Ainsi, nous pourrions assister à la scission et à la fin de l’actuelle Otan d’où émergera une nouvelle structure militaire qui serait intégrée par les Etats-Unis, le Canada, la Grande-Bretagne, les Etats baltes, la Pologne, la Hongrie, la Bulgarie, la Slovaquie, la République tchèque, Roumanie, Espagne, Italie, Portugal, Malte, Chypre, Grèce et Turquie avec l’objectif sans équivoque d’être un bloc de confinement pour les «idéaux expansionnistes de Vladimir Poutine». D’autre part, nous assisterons au renforcement de l’axe Berlin-Paris, mené par la France et l’Allemagne qui se reflétera dans l’Agence européenne de défense (AED) et qui aura, gravitant dans son orbite d’influence vers les pays de sa zone d’influence d’origine (Hollande, Danemark, Norvège, Belgique, Luxembourg et Autriche), le fruit de la réaffirmation des souverainetés nationales française et allemande comme stratégie défensive contre la dérive de l’ancien partenaire américain, (relance du traité de l’Elysée entre De Gaulle et Adenauer (1963)).

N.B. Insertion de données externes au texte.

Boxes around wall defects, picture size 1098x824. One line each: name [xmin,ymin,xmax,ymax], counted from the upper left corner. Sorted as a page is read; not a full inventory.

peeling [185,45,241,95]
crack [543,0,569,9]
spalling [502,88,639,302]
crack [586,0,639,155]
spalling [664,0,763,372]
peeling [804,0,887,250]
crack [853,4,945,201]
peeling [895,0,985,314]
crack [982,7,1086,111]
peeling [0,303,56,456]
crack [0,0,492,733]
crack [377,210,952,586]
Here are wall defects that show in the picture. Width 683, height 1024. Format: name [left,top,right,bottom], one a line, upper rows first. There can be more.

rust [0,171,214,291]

Nouvelle course aux armements. Comme l’expliquait Zbigniew Brzeziński dans le magazine National Interest en 2000, «les Européens seront plus immédiatement exposés au risque au cas où un impérialisme chauvin revigorerait la politique étrangère russe», avec lequel il a esquissé un plan qui passerait par l’expansion de l’Otan à des limites dans les années 1990 et la mise en œuvre du nouveau système européen de défense antimissile (European Phased Adaptative Approach (EPAA), avec l’objectif machiavélique de suivre une première attaque surprise des Etats-Unis qui détruirait le potentiel nucléaire russe sur leur propre territoire, neutralisant par la suite la réplique russe au moyen de missiles stationnés en Pologne.

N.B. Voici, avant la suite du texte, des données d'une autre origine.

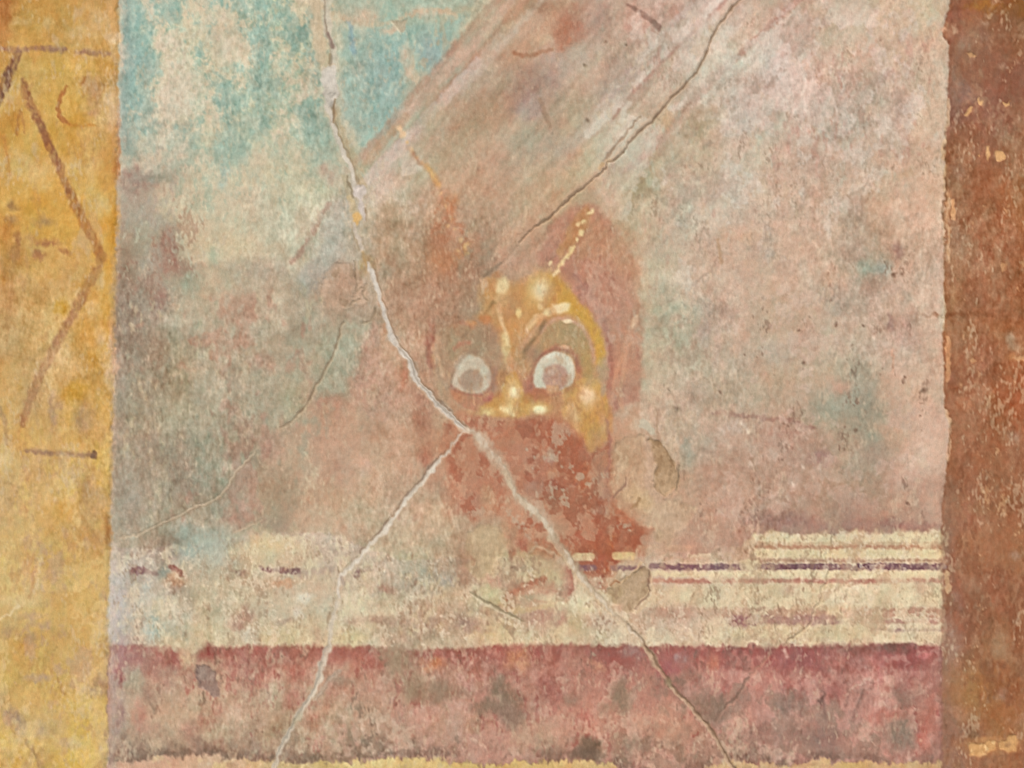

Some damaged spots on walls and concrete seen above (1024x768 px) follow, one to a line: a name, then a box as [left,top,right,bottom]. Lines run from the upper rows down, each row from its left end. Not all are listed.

crack [269,0,746,768]
spalling [608,405,698,550]
spalling [604,548,657,615]
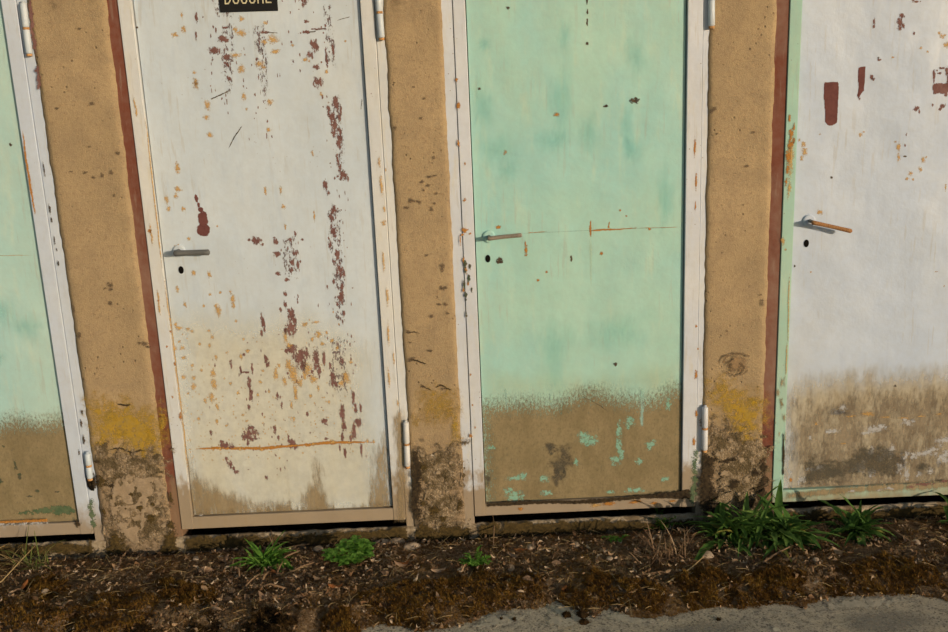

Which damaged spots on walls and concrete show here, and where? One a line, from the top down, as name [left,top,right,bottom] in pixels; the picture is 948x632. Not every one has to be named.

corrosion [146,125,186,263]
corrosion [157,286,375,467]
water stain [410,451,447,522]
peeling [503,472,527,501]
water stain [546,443,573,485]
peeling [577,431,598,446]
water stain [487,453,740,515]
peeling [610,416,636,466]
water stain [749,458,769,510]
water stain [805,447,897,482]

Après les désaccords survenus entre les Etats-Unis et la Russie sur la déclaration unilatérale d’indépendance du Kosovo et de l’Ossétie du Sud, Barack Obama aurait rangé le projet Anti-Ballistic Missile Shield (NDM), le remplaçant par «un nouveau système mobile anti-missile de défense» avec l’intention de faire de la Russie un partenaire nécessaire pour sauvegarder la paix et la stabilité mondiales. Cependant, en septembre 2009, le président Barck Obama (sous la pression de l’establishment ou  du pouvoir dans l’ombre des Etats-Unis) a approuvé la mise en œuvre du nouveau système européen de défense antimissile (EPAA), qui est, en fait, sur un bouclier antimissile mondial dans lequel les missiles intercepteurs placés sur des plates-formes mobiles peuvent atteindre des cibles dans un espace commun (sur la base des données transmises par tous les radars et systèmes de reconnaissance optoélectroniques). Initialement, la Russie et l’Otan ont convenu de coopérer avec  le bouclier antimissile pour l’Europe en novembre 2010 lors du sommet bilatéral de Lisbonne, car il était vital pour Moscou que l’Otan offre de réelles garanties que ce système ne viserait pas la Russie et ne disposerait pas d’un document juridiquement contraignant en la matière.

Les déclarations sur la Russie («Poutine est un meurtrier») et la menace voilée de nouvelles sanctions contre la Russie anticiperaient une escalade des tensions entre l’Otan et la Russie, après quoi il est  prévisible que les Etats-Unis utiliseront les demandes de la Pologne comme excuse pour achever la cinquième phase du déploiement du bouclier anti-missile en Europe (Euro DAM), qui aurait pour réplique côté russe l’installation à Kaliningrad de nouveaux  missiles balistiques intercontinentaux.